6月15日、岩手県雫石町の鶯宿温泉にある老舗旅館「長栄館」が閉館しました。歴史ある鶯宿温泉の中心的な宿が閉館し、温泉街の今後が懸念されています。現地を取材しました。

記者「鶯宿川沿いに温泉宿が立ち並ぶ雫石町の鶯宿温泉。以前は賑わっていましたが、現在は廃業した旅館が点在しています」

創業70年を超える老舗旅館「長栄館」が営業を停止しました。コロナ過の影響などで赤字経営が続き、ことし2月、盛岡地裁から破産手続き開始の決定を受けました。譲渡先を探していますが、見つかっていません。

宿泊客
「涙で別れてきた。本当に元気でまたどこかで会おうねって言ったけれども」「くやしい…なんでこんなことになったのか」

しずくいし観光協会 高橋基事務局長
「鶯宿温泉のキャパ自体も減ることになるので、これからの団体客の受け入れなどに影響が出てくるのではないかと心配している」

開湯450年の歴史がある鶯宿温泉。その昔、1羽の鶯が温泉で傷を癒していたことから「鶯宿」と名付けられたといわれています。しかし、施設の老朽化などで、50年ほど前(S50年代)のピーク時に32軒あった温泉宿が、昨年度時点で16軒に半減しました。

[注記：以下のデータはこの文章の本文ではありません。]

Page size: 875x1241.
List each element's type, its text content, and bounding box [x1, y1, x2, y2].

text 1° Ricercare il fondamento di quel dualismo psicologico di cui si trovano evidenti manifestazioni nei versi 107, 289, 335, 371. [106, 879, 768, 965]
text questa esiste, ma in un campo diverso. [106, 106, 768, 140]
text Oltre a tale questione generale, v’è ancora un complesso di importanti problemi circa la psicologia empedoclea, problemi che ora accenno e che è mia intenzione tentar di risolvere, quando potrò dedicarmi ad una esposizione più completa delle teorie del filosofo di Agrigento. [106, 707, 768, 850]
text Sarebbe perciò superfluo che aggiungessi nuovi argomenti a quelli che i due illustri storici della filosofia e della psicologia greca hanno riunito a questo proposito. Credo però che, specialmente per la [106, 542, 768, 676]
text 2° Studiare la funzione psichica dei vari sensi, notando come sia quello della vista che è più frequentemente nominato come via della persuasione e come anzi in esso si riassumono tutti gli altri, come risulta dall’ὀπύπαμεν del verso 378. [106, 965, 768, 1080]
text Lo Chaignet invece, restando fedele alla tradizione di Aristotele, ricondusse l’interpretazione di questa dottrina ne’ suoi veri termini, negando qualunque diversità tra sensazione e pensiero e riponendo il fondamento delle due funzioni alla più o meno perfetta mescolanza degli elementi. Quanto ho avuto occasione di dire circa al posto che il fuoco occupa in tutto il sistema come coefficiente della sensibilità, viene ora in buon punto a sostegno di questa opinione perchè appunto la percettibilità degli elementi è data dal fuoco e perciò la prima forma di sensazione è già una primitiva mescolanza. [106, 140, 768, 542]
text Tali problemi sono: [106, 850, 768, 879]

湯治客(入込)は2003年には年間のべ86万人いましたが、2019年は25万人ほど。コロナ禍で12万人まで減り、去年も多少持ち直したものの18万8000人にとどまりました。特に小さな宿で落ち込みが深刻です。

長栄館の閉館前から再生が必要だった鶯宿温泉を何とかしようと、町は「スポーツツーリズム」の推進を進めてきました。こちらは、小学校の跡地を活用して去年4月にオープンした「いわて雫石アーチェリーセンター」。

町内には野球場やクロスカントリースキーの施設などもあり、合宿や試合で鶯宿温泉の利用促進を図ろうと考えています。

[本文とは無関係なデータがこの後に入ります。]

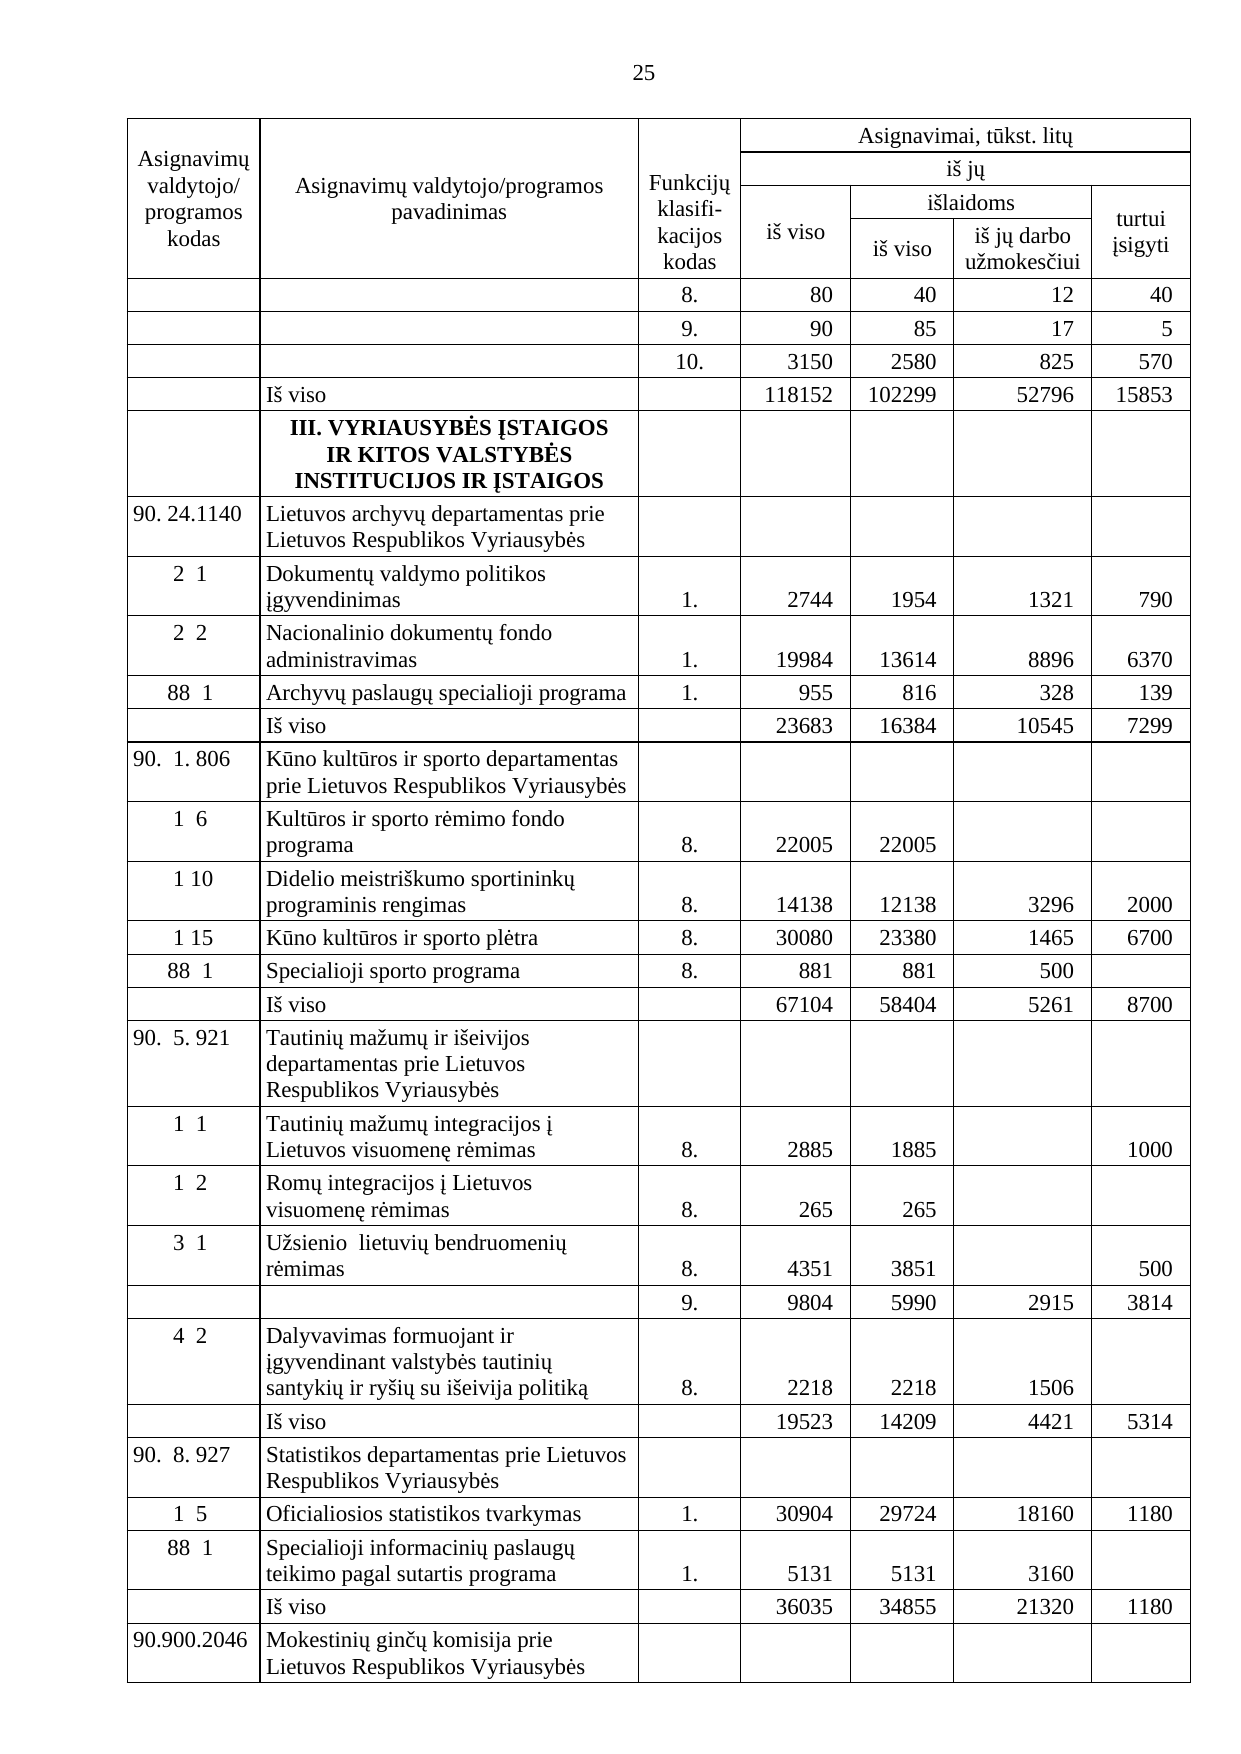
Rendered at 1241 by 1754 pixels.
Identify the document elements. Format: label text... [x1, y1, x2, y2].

今後、長栄館に泊まっていた宿泊客は小さな宿に分散させて対応し、スホ゜ーツツーリズムにさらに力を入れる事で、温泉街のピンチを乗り切りたいということです。

しずくいし観光協会 高橋基事務局長
「スポーツ合宿での利用を広めたいと思っていて、合宿助成などで沢山の人を呼び込む取組みをしている。今ある資源を生かしつつ、新しい魅力を打ち出していければもっとお客さんを呼べる可能性があると思っている」

観光協会では今後、町や温泉街の人たちと話し合いながら取り組みを強化し、歴史ある鶯宿温泉の再生を図っていくことにしています。